You do not see manufactures solder crimps, because it defeats the purpose of using them in the first place. Speed of manufacturing with uniform connection,  but I do not see them using crimps and manual crimping tools  commonly used by hobbiests. I have often read of electricians and hobbyist's having problems with poor manual crimps and problems with uniform crimps using the typical inexpensive crimping tools. Wires can also be damaged from using too much force on a crimp. I have often seen crimps come loose and corrode (increased electrical resistance) over time. The vibration stresses to break wire over time in the hobby environment would be far less likely, than a non-manufacturer crimped wire coming loose. With high voltage wires, as mentioned, crimp, solder at the tip, and for added protection use fusable shrink tubing. They sell crimps (3M) that include a fusable insulator. Improper securing of wires is also a factor in breakage from vibration.


----------



## Bill C. (Feb 28, 2015)

Th


mksj said:


> You do not see manufactures solder crimps, because it defeats the purpose of using them in the first place. Speed of manufacturing with uniform connection,  but I do not see them using crimps and manual crimping tools  commonly used by hobbiests. I have often read of electricians and hobbyist's having problems with poor manual crimps and problems with uniform crimps using the typical inexpensive crimping tools. Wires can also be damaged from using too much force on a crimp. I have often seen crimps come loose and corrode (increased electrical resistance) over time. The vibration stresses to break wire over time in the hobby environment would be far less likely, than a non-manufacturer crimped wire coming loose. With high voltage wires, as mentioned, crimp, solder at the tip, and for added protection use fusable shrink tubing. They sell crimps (3M) that include a fusable insulator. Improper securing of wires is also a factor in breakage from vibration.



Thank you.  I would walk past this man doing the wiring from a blue print.  Its been over 40 years ago.  A lot of changes and improvements since then.  Appreciate your insight.


----------



## uncle harry (Mar 1, 2015)

awander said:


> Manufacturers of compression-type terminal blocks and connectors recommend against tinning any stranded wire that comes under direct compression, for the reason that over time the solder can deform and cause a loose connection.
> 
> If you use a ferrule, this deformation should not take place, so it will do no harm to solder the wire in the ferrule, but I believe it is unnecessary, as crimped connections have been shown to be the most reliable,



I agree with using ferrules and using an appropriate crimping tool as well.  NFPA79 2012 which affects all machine tool and special machinery wiring states that stranded wires _*shall not*_ be tinned or soldered unless the connection is specifically designed for soldering.  An example of allowing solder is a connection to a pot or solder terminal.
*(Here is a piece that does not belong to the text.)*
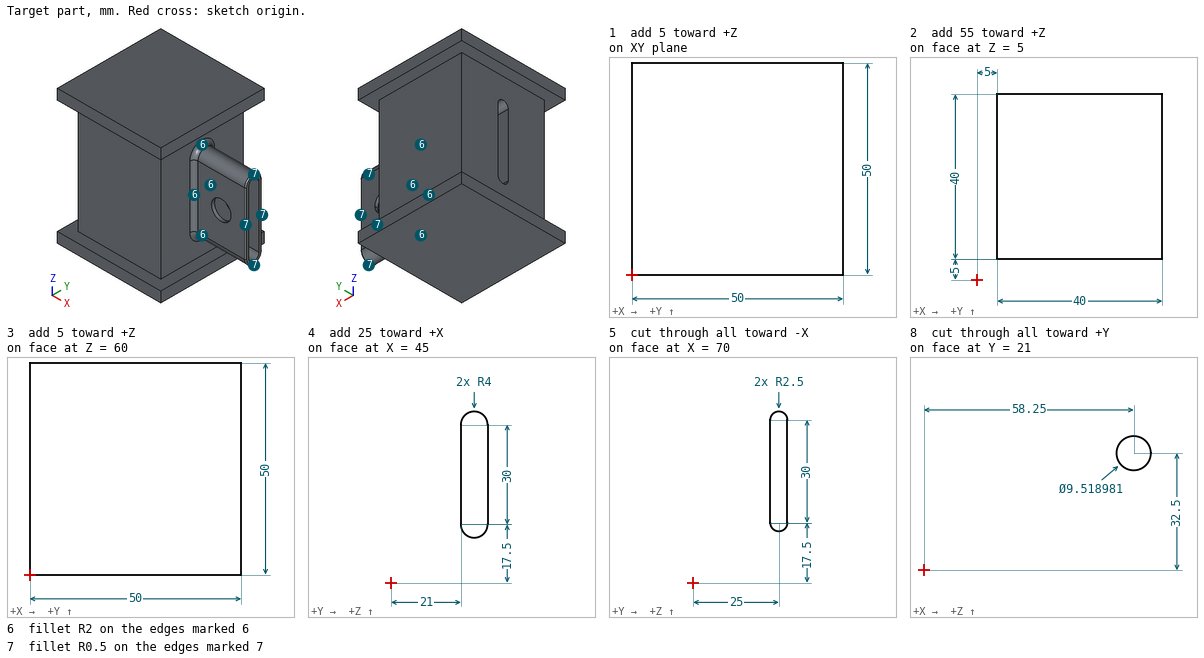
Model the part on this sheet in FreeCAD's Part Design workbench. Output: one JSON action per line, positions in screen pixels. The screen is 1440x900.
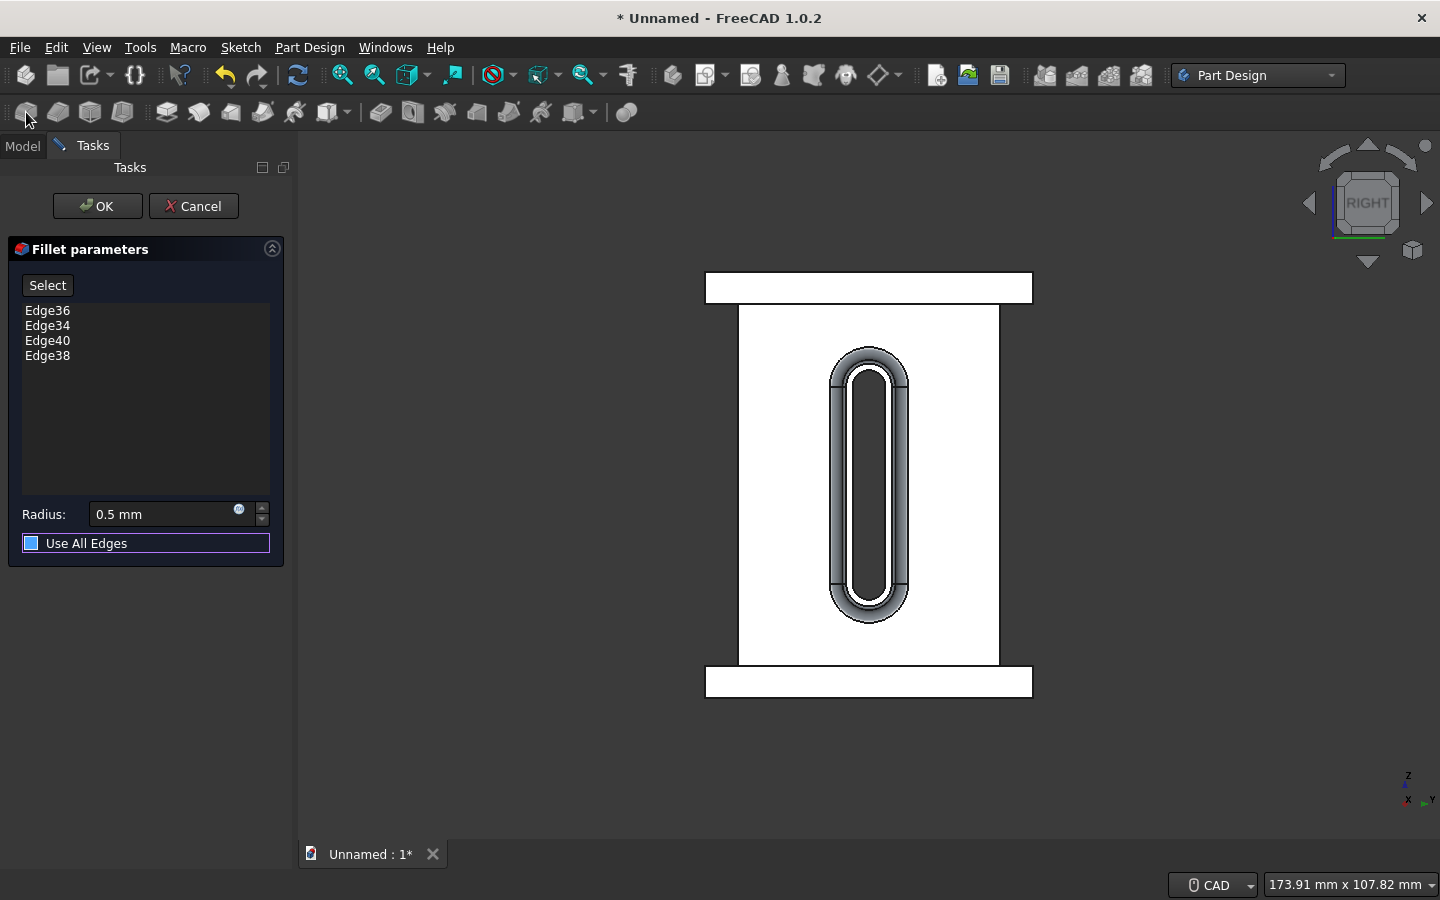
{"action": "left_click", "coordinate": [98, 206]}

I prefer  to abide by NFPA79 since I occasionally build special machines for local businesses.


----------



## mksj (Mar 1, 2015)

NFPA79 guidance has to do with connections to devices, I did not see any specifics to the crimp terminal itself, and is somewhat specific to the type of connection/terminals. The same applies to the NFPA70 National Electrical Code, which in most terminations at terminals are specific to use of bare wire.
13.1.1.5 Soldered connections shall only be permitted where terminals are provided that are identified for soldering.
13.1.1.8 Means of retaining conductor strands shall be provided when terminating conductors at devices or terminals that are not equipped with this facility. Solder shall not be used for that purpose.
13.5.9.4 Soldered or insulation-piercing–type connectors (lugs) shall not be used. (for motor connections)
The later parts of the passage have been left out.